La dernière journée de Ligue 1 a été entachée par des scènes de violence inacceptables. Deux matchs ont été interrompus par des envahissements de terrain, plongeant les clubs et les supporters dans l’incompréhension.
Le championnat français de football a connu une fin de saison agitée. Parmi les dix rencontres programmées, deux ont été gravement perturbées par des débordements de supporters. À Nice comme à Nantes, l’ordre a été bousculé, mais c’est dans l’Ouest que la situation a pris une tournure dramatique.
Sur la pelouse du stade Allianz Riviera, les ultras niçois ont forcé le passage en fin de match face à Metz. Malgré l’intervention des forces de l’ordre, l’ambiance est restée électrique. Mais c’est au Stade de la Beaujoire que l’incident a franchi un cap supplémentaire.
Un match arrêté à la 22e minute à Nantes
Face à Toulouse, les Canaris, déjà relégués en Ligue 2, n’ont même pas pu boucler leur saison. Dès la 22e minute, des dizaines de supporters nantais, majoritairement masqués, ont envahi la pelouse. Les joueurs, contraints de regagner les vestiaires, n’ont pu reprendre le cours du match.

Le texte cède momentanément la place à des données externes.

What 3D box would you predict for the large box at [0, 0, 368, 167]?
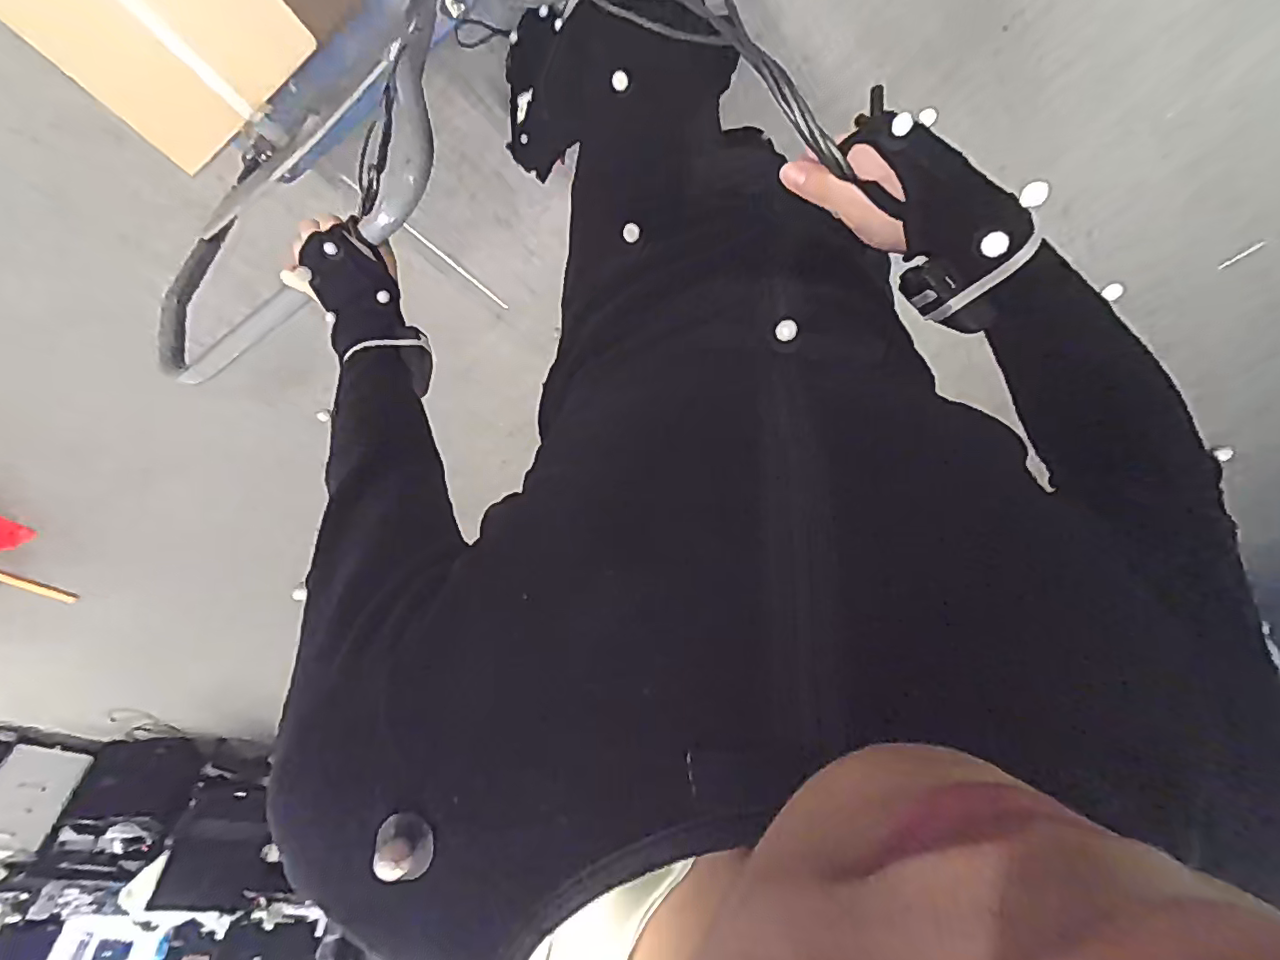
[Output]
[{"bbox_3d":[-0.679,-0.761,0.758,0.320,0.320,0.408,-26,137,20],"label":"large box"}]

Quarante minutes plus tard, l’arbitre a sifflé la fin définitive de la rencontre. Une décision lourde de conséquences pour l’entraîneur Vahid Halilhodžić, qui tirait sa révérence après une carrière riche. « C’est la honte. J’aurais aimé aller vers les supporters pour leur dire stop. », a-t-il témoigné, visiblement marqué par ces événements.
Le technicien bosnien a ajouté : « S’ils sont frustrés, je peux le comprendre, mais pas ça. J’ai tout donné, en tant qu’entraîneur et en tant qu’homme. La réalité est cruelle. »
Des sanctions lourdes en perspective pour le FC Nantes
Si la Ligue de football professionnel n’a pas encore communiqué officiellement, une enquête a été ouverte. Le club de Nantes pourrait écoper de mesures drastiques : fermeture temporaire de tribunes et, pire encore, un retrait de points pour la saison prochaine en Ligue 2.
Un précédent similaire avait frappé l’AS Saint-Étienne il y a quatre ans, avec une pénalité de six points infligée avant même le début du championnat. Une décision qui avait marqué les esprits et rappelé l’importance du respect dans le football.